### WHAT YOU HAVE TO DO
Reproduce exactly the lines from the top of the records below through the line holding "2) rack shelf [1594, 3, 1919, 57]".

** Opening EXERCISE INPUTS block **

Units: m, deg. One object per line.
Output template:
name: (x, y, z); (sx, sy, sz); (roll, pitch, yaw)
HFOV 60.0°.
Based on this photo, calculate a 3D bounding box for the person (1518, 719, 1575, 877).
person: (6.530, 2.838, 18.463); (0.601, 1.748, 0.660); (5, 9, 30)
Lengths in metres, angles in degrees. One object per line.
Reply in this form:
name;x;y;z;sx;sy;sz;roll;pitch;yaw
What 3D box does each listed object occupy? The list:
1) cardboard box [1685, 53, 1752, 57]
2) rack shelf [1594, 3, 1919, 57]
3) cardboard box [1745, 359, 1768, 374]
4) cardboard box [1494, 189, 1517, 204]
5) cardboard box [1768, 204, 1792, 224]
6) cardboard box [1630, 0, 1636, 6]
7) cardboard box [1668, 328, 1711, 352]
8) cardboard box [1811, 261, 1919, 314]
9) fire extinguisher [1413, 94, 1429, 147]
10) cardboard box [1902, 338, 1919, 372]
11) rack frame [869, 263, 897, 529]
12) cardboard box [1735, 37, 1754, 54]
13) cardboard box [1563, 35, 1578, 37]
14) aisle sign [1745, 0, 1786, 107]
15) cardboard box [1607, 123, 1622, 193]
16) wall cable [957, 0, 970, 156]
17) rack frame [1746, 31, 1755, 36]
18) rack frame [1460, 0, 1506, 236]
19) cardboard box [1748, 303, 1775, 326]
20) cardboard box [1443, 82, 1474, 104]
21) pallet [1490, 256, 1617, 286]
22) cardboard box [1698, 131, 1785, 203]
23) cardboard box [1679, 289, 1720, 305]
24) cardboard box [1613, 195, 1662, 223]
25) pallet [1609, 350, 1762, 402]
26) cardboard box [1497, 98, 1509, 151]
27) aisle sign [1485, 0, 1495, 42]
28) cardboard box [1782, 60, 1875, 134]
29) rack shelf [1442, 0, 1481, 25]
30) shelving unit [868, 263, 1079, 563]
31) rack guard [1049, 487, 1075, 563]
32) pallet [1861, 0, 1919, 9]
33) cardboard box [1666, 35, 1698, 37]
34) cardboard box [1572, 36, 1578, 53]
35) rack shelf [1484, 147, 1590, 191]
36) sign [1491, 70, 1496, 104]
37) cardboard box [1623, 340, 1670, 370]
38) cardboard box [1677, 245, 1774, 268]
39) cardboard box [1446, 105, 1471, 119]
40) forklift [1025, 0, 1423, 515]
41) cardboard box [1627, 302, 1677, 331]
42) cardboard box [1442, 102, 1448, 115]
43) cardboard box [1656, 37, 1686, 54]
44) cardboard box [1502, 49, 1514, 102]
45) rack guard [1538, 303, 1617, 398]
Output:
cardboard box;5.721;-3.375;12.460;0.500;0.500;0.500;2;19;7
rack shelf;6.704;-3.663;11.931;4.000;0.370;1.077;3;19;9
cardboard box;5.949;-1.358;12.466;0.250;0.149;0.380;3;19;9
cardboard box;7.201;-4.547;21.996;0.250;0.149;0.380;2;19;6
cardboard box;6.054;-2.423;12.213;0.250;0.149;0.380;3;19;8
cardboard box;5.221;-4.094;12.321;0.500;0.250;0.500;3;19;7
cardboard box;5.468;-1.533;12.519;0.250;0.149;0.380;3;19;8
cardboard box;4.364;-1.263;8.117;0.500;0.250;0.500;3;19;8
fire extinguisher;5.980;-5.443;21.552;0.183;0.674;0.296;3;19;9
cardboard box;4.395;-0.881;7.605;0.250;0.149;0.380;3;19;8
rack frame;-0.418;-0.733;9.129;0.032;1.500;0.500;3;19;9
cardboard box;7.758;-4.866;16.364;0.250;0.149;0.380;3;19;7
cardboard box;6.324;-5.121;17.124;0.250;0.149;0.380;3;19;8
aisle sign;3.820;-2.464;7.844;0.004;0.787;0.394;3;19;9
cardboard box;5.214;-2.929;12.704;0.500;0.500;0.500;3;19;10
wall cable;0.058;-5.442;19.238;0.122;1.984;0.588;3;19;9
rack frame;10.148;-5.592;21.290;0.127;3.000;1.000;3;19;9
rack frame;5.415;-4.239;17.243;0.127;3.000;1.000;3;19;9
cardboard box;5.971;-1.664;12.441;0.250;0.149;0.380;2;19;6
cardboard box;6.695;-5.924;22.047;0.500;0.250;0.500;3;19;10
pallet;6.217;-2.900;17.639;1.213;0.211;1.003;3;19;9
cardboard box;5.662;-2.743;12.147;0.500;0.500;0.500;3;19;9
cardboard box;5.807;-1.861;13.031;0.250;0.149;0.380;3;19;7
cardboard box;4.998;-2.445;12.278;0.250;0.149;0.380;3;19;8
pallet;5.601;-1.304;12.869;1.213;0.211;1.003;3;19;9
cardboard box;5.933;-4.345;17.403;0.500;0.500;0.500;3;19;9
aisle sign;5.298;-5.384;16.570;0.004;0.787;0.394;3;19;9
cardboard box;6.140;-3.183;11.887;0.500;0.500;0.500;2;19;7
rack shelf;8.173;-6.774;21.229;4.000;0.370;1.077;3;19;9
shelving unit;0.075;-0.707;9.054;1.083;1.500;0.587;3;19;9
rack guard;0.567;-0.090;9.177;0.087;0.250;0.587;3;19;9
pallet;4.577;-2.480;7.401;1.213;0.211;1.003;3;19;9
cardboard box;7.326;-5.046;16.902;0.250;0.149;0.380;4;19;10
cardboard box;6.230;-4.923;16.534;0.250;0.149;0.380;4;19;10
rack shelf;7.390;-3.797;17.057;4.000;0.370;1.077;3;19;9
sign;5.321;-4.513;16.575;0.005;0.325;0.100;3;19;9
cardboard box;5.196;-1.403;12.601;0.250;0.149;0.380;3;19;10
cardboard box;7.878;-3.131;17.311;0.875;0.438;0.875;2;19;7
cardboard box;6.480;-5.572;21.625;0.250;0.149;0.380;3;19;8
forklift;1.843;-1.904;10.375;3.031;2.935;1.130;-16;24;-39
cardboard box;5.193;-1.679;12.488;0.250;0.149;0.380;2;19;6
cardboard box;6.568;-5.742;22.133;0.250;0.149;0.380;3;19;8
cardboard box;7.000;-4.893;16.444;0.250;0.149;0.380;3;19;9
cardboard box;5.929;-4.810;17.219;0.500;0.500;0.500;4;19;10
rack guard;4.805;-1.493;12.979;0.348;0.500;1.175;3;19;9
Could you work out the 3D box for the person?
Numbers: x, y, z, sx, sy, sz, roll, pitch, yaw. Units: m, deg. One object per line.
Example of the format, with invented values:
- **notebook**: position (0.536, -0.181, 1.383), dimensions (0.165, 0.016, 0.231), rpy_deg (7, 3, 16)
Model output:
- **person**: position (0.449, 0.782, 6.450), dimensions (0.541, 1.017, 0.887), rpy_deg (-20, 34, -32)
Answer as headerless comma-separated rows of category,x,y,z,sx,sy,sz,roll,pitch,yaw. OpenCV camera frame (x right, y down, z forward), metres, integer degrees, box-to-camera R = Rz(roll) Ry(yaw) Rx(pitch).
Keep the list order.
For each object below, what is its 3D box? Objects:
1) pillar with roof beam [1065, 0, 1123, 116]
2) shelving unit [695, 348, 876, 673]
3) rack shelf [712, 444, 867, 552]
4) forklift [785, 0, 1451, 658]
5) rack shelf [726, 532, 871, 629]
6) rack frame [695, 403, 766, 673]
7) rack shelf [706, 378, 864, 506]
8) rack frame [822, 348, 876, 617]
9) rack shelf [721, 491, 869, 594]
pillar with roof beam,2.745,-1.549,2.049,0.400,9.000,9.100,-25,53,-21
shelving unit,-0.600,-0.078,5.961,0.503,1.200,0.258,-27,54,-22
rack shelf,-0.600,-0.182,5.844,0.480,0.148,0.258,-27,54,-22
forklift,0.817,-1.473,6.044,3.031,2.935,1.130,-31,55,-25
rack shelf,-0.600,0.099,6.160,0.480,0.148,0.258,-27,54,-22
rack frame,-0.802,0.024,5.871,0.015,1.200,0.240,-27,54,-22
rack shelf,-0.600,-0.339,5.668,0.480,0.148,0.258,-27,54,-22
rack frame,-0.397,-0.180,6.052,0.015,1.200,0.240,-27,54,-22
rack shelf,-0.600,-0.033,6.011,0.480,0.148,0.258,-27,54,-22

** Closing EXERCISE INPUTS block **

### OUTPUT FOR THIS EXERCISE
Units: m, deg. One object per line.
Output template:
name: (x, y, z); (sx, sy, sz); (roll, pitch, yaw)
HFOV 60.0°.
Based on this photo, calculate a 3D bounding box for the person (1518, 719, 1575, 877).
person: (6.530, 2.838, 18.463); (0.601, 1.748, 0.660); (5, 9, 30)
Lengths in metres, angles in degrees. One object per line.
Reply in this form:
name;x;y;z;sx;sy;sz;roll;pitch;yaw
What 3D box does each listed object occupy? The list:
1) cardboard box [1685, 53, 1752, 57]
2) rack shelf [1594, 3, 1919, 57]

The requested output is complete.